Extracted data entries
══════════════════════════════

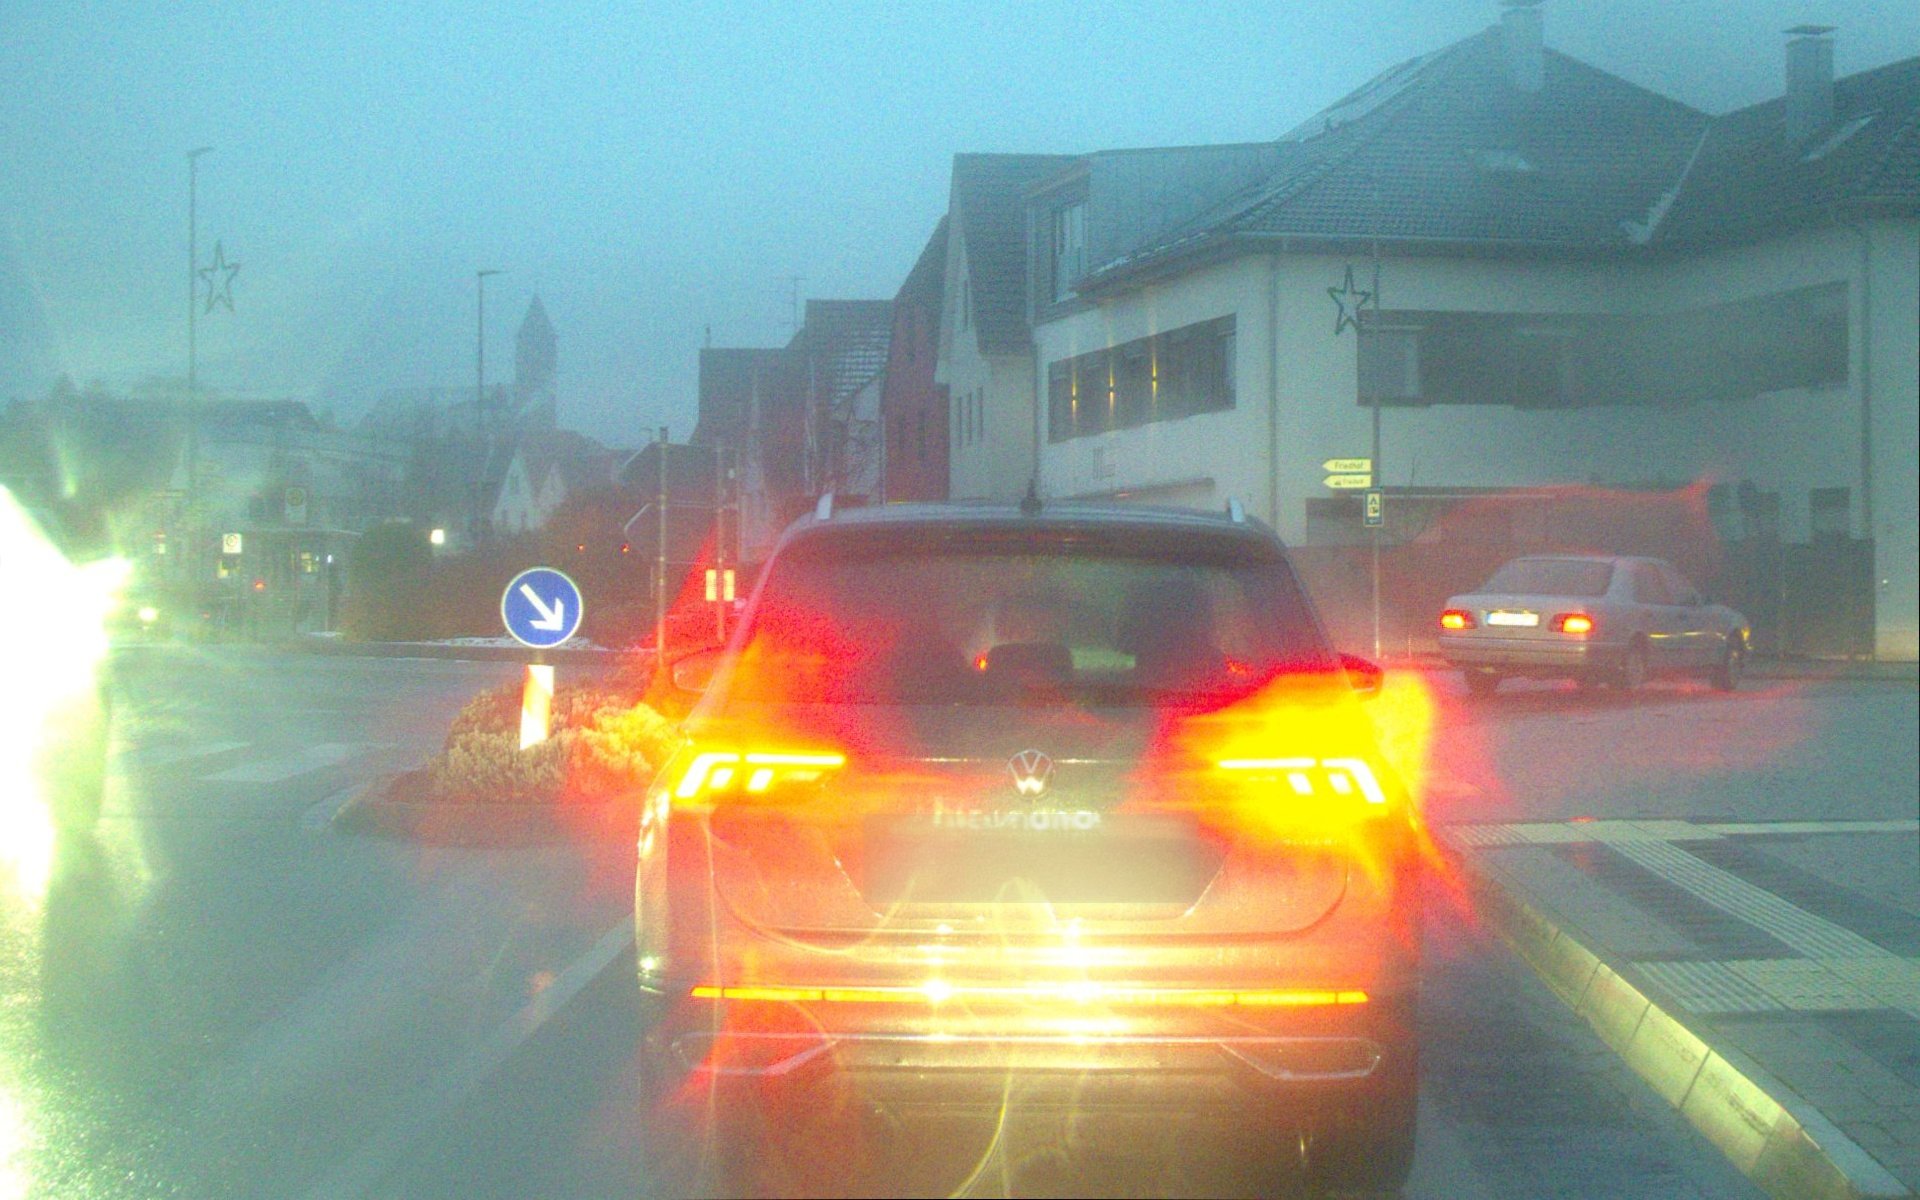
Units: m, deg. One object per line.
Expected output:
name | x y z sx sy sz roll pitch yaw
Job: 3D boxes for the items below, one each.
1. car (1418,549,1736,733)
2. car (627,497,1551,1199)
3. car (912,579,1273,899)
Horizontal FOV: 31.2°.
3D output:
car | 6.329 0.379 34.925 1.824 1.622 3.993 -1 2 31
car | 0.228 0.569 9.169 1.915 1.609 3.950 1 1 -1
car | 0.667 0.674 18.950 1.777 1.533 3.932 0 1 0

══════════════════════════════

All of the data is to be returned exactly, with no pictures included.

Units: m, deg. One object per line.
Expected output:
name | x y z sx sy sz roll pitch yaw
Job: 3D boxes for the items below, one each.
1. car (1418,549,1736,733)
2. car (627,497,1551,1199)
3. car (912,579,1273,899)
Horizontal FOV: 31.2°.
3D output:
car | 6.329 0.379 34.925 1.824 1.622 3.993 -1 2 31
car | 0.228 0.569 9.169 1.915 1.609 3.950 1 1 -1
car | 0.667 0.674 18.950 1.777 1.533 3.932 0 1 0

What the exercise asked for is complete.